Why do you think intergenerational trauma is rarely addressed so directly in French films?

JD: I think it’s becoming more present now. People who create things are always in dialogue with each other. Even if we’re on different sides of the world and have never met, we feed each other with our work. You can see that in this year’s films. The AIDS pandemic is also becoming more of a concern in cinema in the past five years than it has ever been before. And that’s insane when you think about the lapse of time. It took almost two generations for us to really talk about it. Not only about the disease and the people we lost, but about the shame society put on those people, and the shame society should feel for doing that.

Given Alpha was so personal, were you also drawing on personal experiences of the actors when you were shooting it?
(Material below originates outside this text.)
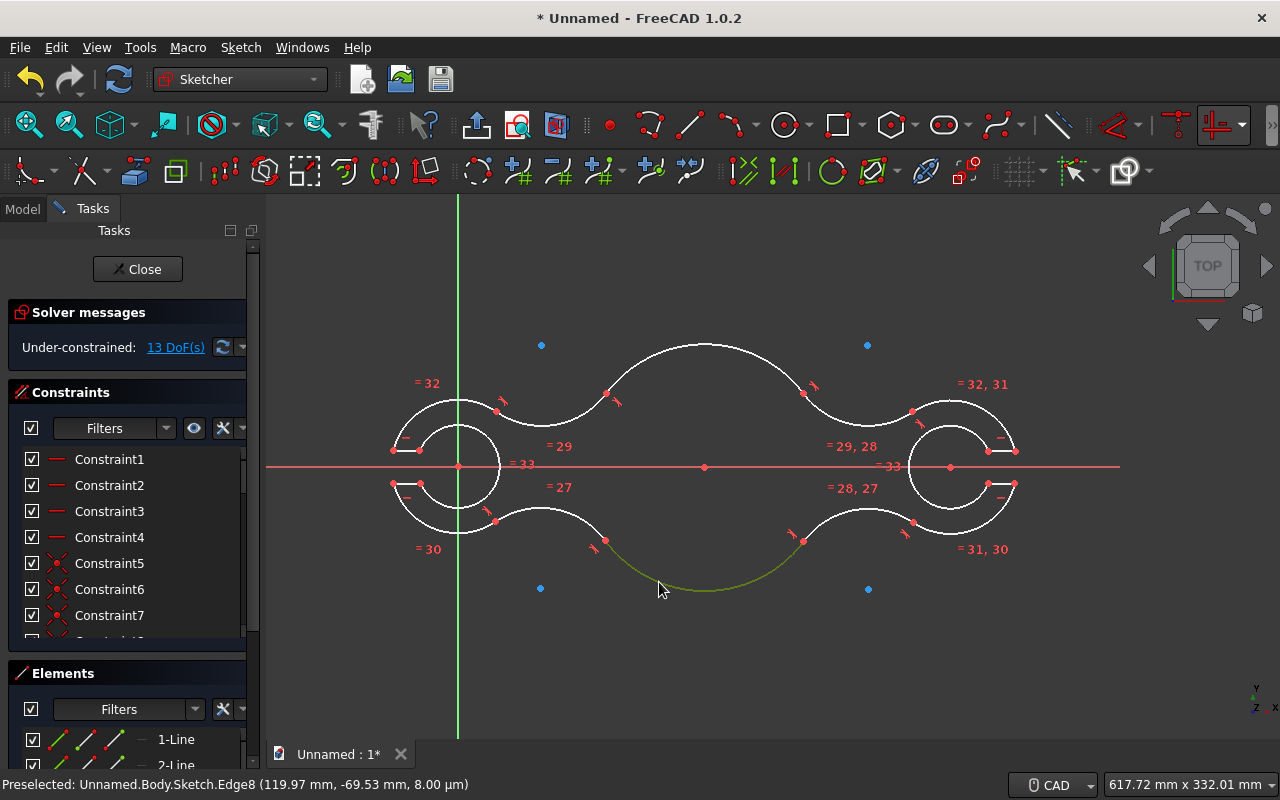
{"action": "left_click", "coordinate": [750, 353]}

JD: That was crucial for the film. When I thought about casting Tahar Rahim and Golshifteh Farahani, I had never met them. But I had seen their performances, and I felt they were very generous people. When I met them that idea was confirmed. I knew they would give everything to the film. But if you expect actors to give so much of themselves — their lives, their experiences, their traumas — you also have to give something back. So, we shared a lot with each other about our lives, our relationships to family, mourning and death. And we became close very quickly. And then we adopted Mélissa immediately. She has incredible spontaneity and instinct. She’s very smart and also a very hard worker. It felt very emotion-led, like I was working with my intuition.

How do you guide actors through scenes that rely so heavily on emotion?
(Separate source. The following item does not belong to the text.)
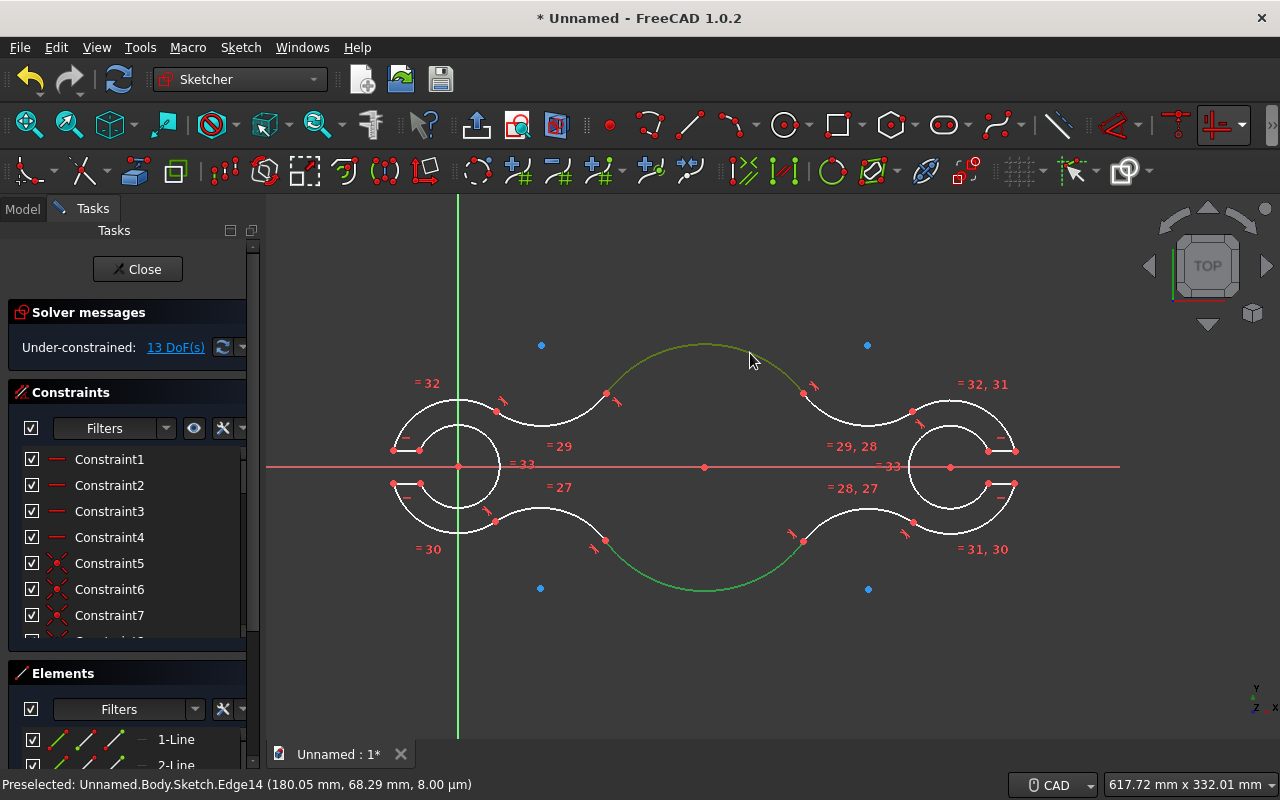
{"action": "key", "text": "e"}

JD: It’s a lot of preparation. I’m not one to believe in surprises on set. I like things to be prepared and people to be comfortable with each other very quickly. Directing is really a back and forth. I can’t expect actors to give me something that I can’t give them. That means care as well. For example, Tahar was very careful about his health during the shoot, and I was always checking how he was doing. You never push someone beyond their physical limits. But emotionally, if there is trust, you can go very far.

One of the most striking elements of the film is the marble-like transformation of the infected bodies. Where did that idea come from?

JD: That was a construction, I built on a lot of different ideas, it wasn’t like it came to me like lightning. The first thing I thought was that I wanted to make them beautiful. I wanted to be sure there was absolutely no way the audience would feel repulsed by them. I wanted immediate empathy. That led me to the idea of recumbent effigies — the statues of saints in churches and cathedrals. They are human beings, but they are not in the same state as we are. For me it was the closest way to portray death. That moment when life leaves the body and when the eye becomes stone. We know it’s not real, but it feels like seeing life leaving the body. And what I like about it is that there is no distance. It becomes something sacred. It makes them eternal, like saints or martyrs.